> _Exercise objective_:
From the first line of the entries below through the line bearing "Answer: -22920.0.", write out each line exactly. Omit pictures.

Records excerpted from a collection
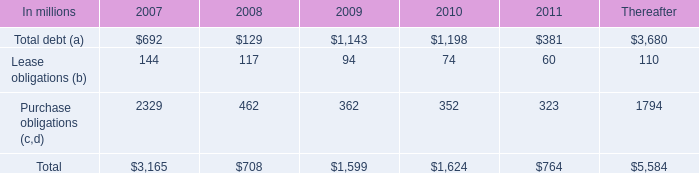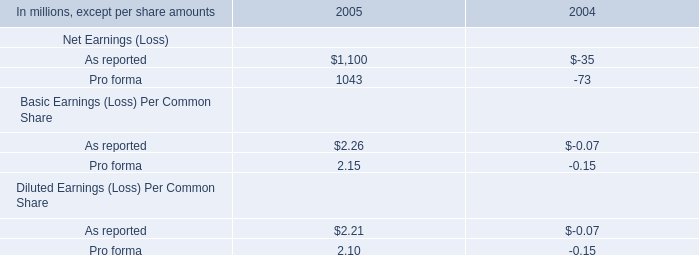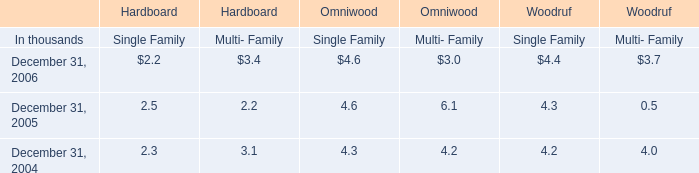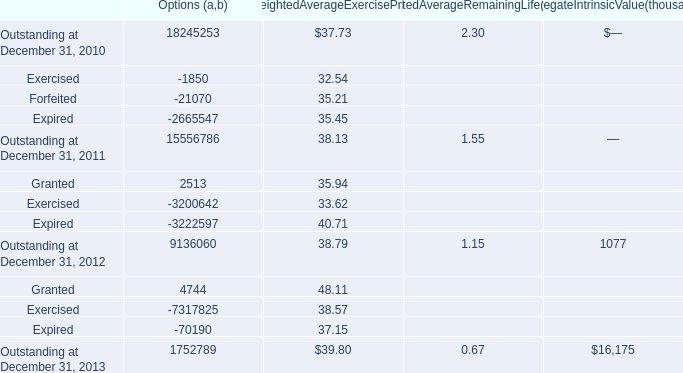In the year with largest amount of Outstanding at December 31, 2013, what's the sum of Exercised and Forfeited (in million) 
Computations: (-1850 - 21070)
Answer: -22920.0. 
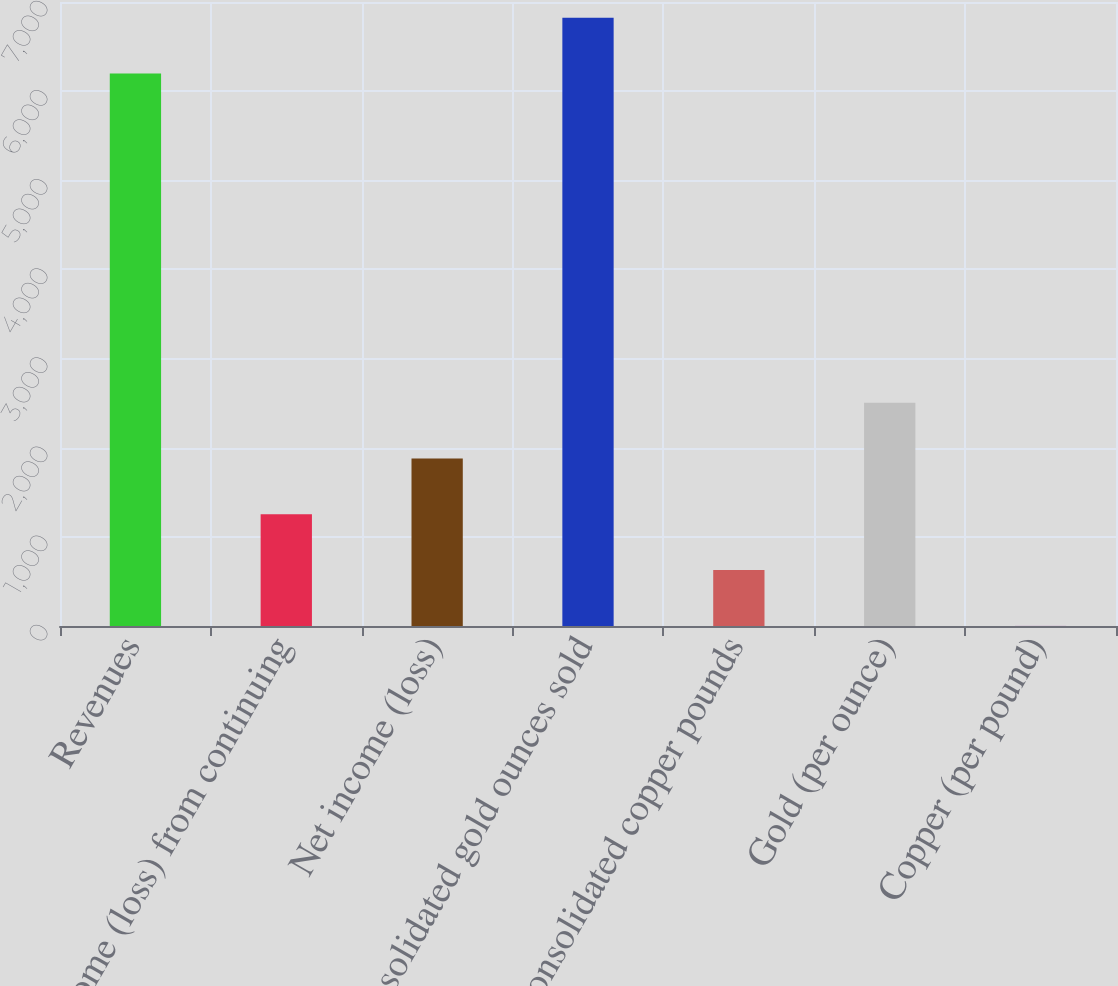<chart> <loc_0><loc_0><loc_500><loc_500><bar_chart><fcel>Revenues<fcel>Income (loss) from continuing<fcel>Net income (loss)<fcel>Consolidated gold ounces sold<fcel>Consolidated copper pounds<fcel>Gold (per ounce)<fcel>Copper (per pound)<nl><fcel>6199<fcel>1253.07<fcel>1878.31<fcel>6824.24<fcel>627.83<fcel>2503.55<fcel>2.59<nl></chart> 
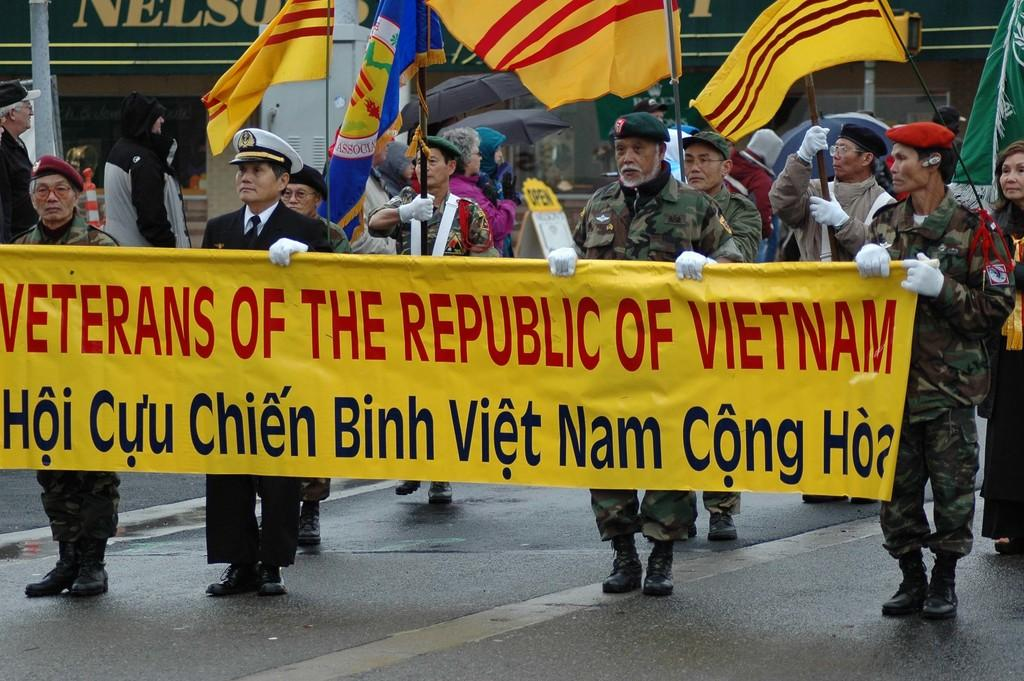What are the people in the image doing? There is a group of people standing on the road. What are the people holding in their hands? The people are holding yellow color cloth with their hands. Can you describe the background of the image? There are people holding flags in the background. What type of quill can be seen in the hands of the people in the image? There is no quill present in the image; the people are holding yellow color cloth. What kind of plant is growing in the hands of the people in the image? There is no plant present in the image; the people are holding yellow color cloth. 
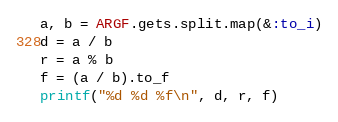Convert code to text. <code><loc_0><loc_0><loc_500><loc_500><_Ruby_>a, b = ARGF.gets.split.map(&:to_i)
d = a / b
r = a % b
f = (a / b).to_f
printf("%d %d %f\n", d, r, f)</code> 
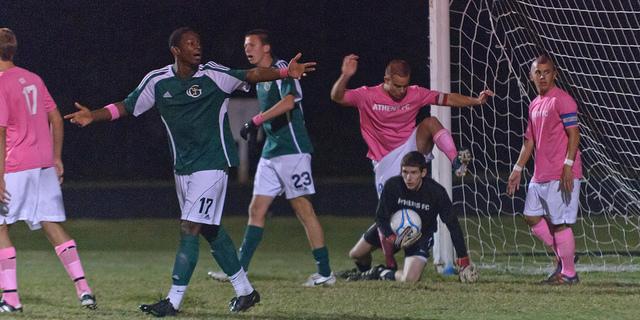How old are the players?
Quick response, please. 20's. Is this sport in the Summer Olympics?
Answer briefly. Yes. What color is the man's shirt that is stepping over the goalie?
Quick response, please. Pink. Is this a soccer match?
Concise answer only. Yes. Do you see a net?
Short answer required. Yes. Is this actually three separate pictures?
Short answer required. No. Is this a professional player?
Be succinct. Yes. 
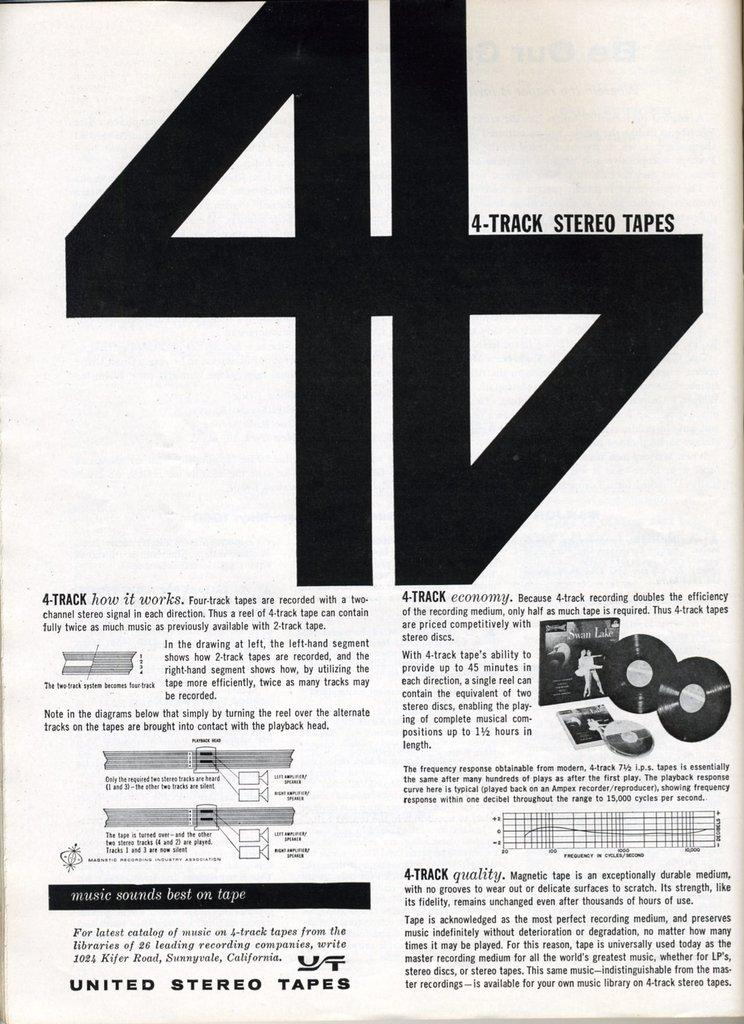<image>
Render a clear and concise summary of the photo. Page that says United Stereo Tapes on the bottom.

> _Answer to this task_:
In the year with largest amount of Outstanding at December 31, 2013, what's the sum of Exercised and Forfeited (in million) 
Computations: (-1850 - 21070)
Answer: -22920.0. 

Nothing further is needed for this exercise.